Leaflet Shape, Serration, and Leaf Complexity Are Genetically Distinct Components. (A) Representative leaflets from ILs with significant shape QTL. Given are the direction and significance of length-to-width ratio change relative to cv M82 (AR), serration/lobing (circularity), and leaf complexity. Note that despite considerable accumulated genetic evidence suggesting otherwise, these features do not follow each other, and different ILs exhibit different combinations of these traits. (B) Graphs demonstrating the breaking between AR, circularity (Circ.), and complexity (Comp.). In each graph, AR is on the x axis for comparison showing IL values for circularity and complexity on the y axis. Colors indicate significance of trait deviations for the y axis. [See online article for color version of this figure.]

Figure 4.

Relationship between Leaf Morphology and Previously Measured IL Traits. (A) Hierarchical clustering of leaf traits with previously studied traits. DEV (black), leaf development traits from this study; MOR (magenta), whole-plant, yield, and reproductive morphological traits as described by Schauer et al. (2006, ; MET (blue), metabolic traits described in the same studies; ENZ (yellow), enzymatic activities, as measured by Steinhauser et al. (2011); SEED (orange), seed metabolites, as described by Toubiana et al. (2012). Hierarchical clustering is based on absolute correlation values, with red denoting negative Pearson correlation coefficients and yellow positive. The top half of the plot shows significant correlations (<0.05) between traits after global multiple test adjustment, indicated in black. Trait identities are indicated as a marginal rug plot along the sides of the graph. The large group of highly correlated traits (in the top right-hand corner, indicated by the dotted line) is consistent with previous reports of negative correlation between MOR traits (including harvest index, [HI], indicated by an arrow) with fruit metabolite levels. DEV traits cluster away from this previously described relationship and closely associate with Brix, plant weight, and mono- and disaccharide levels, indicated by the dotted lined box toward the bottom of the graph. A more detailed view of the hierarchical clustering is found in Supplemental Figure 50 online. (B) Detailed analysis of the clustering reveals unexpected whole-plant relationships between traits. For example, LftAR, LftRound, and PC1 (all highly heritable traits describing leaflet length-to-width ratio) most closely cluster with traits relating to the dimensions of seeds and fruit, suggesting that the morphology of disparate organ types is regulated by common genetic elements. Relevant significant correlations, as multiple test–adjusted for the traits shown, are shown with red asterisks. The traits represented in (B) are indicated in (A) by a red box.

Figure 5.

An Association between Photosynthetic Gene Expression and Leaf Morphology. (A) Hierarchical clustering of traits and gene expression profiles in the vegetative apex measured across the 76 ILs.
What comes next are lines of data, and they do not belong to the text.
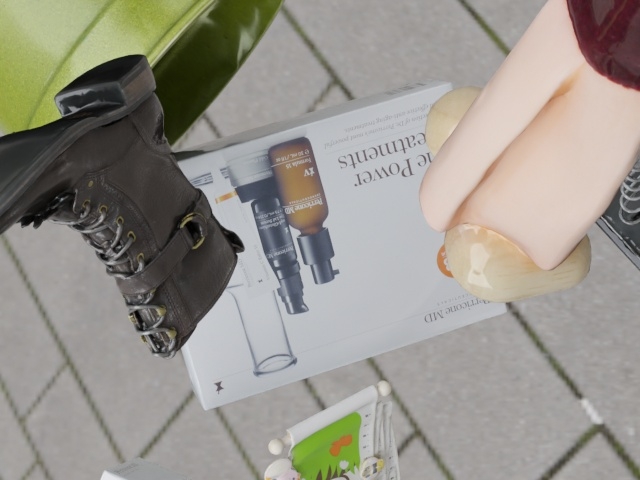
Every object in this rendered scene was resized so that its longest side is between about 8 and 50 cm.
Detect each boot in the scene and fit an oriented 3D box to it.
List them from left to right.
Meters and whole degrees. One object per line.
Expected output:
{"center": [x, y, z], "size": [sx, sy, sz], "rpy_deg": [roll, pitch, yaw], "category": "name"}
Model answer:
{"center": [-0.162, -0.001, 1.126], "size": [0.091, 0.263, 0.229], "rpy_deg": [-2, 122, 37], "category": "boot"}

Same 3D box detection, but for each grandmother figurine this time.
{"center": [0.122, -0.091, 0.558], "size": [0.342, 0.104, 0.208], "rpy_deg": [110, 147, -60], "category": "grandmother figurine"}

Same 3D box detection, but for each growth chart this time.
{"center": [0.025, 0.254, 1.507], "size": [0.021, 0.172, 0.237], "rpy_deg": [38, 152, 42], "category": "growth chart"}

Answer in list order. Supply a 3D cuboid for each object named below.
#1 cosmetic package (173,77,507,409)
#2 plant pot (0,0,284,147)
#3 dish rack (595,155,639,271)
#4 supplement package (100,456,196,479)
{"center": [0.000, 0.000, 1.640], "size": [0.097, 0.377, 0.284], "rpy_deg": [-144, 38, -73], "category": "cosmetic package"}
{"center": [-0.273, -0.277, 1.506], "size": [0.353, 0.366, 0.366], "rpy_deg": [41, 115, 3], "category": "plant pot"}
{"center": [0.233, -0.053, 0.979], "size": [0.074, 0.271, 0.208], "rpy_deg": [-40, 72, -3], "category": "dish rack"}
{"center": [-0.145, 0.311, 1.480], "size": [0.179, 0.105, 0.105], "rpy_deg": [20, 94, 12], "category": "supplement package"}
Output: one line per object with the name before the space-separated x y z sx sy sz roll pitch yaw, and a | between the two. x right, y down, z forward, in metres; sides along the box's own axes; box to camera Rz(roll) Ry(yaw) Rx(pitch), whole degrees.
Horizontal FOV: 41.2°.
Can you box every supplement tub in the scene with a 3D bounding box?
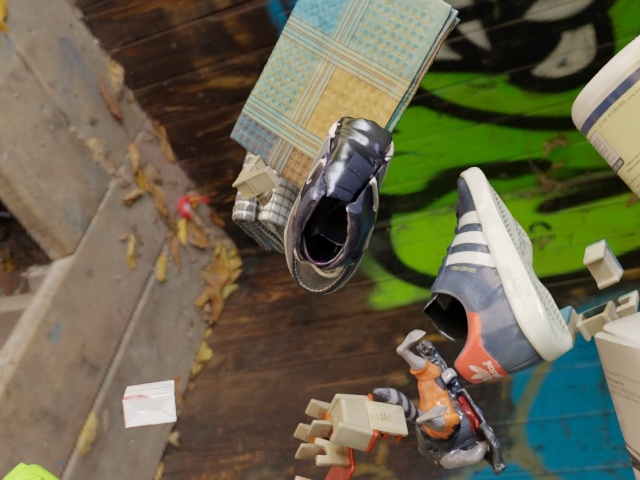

Gene expression profiles across ILs were regressed against traits and only those genes with at least one significant correlation with a trait were considered. Colors indicate significant correlation after multiple test adjustment with a gene expression profile and the class to which the correlated trait belongs (DEV, black/white; MOR, magenta; MET, blue; ENZ, yellow; and SEED, orange). One cluster of genes (indicated by an asterisk) significantly correlate with numerous DEV traits related to leaf development. (B) Gene Ontology enrichment analysis of the gene group with an asterisk reveals numerous significant categories related to photosynthesis.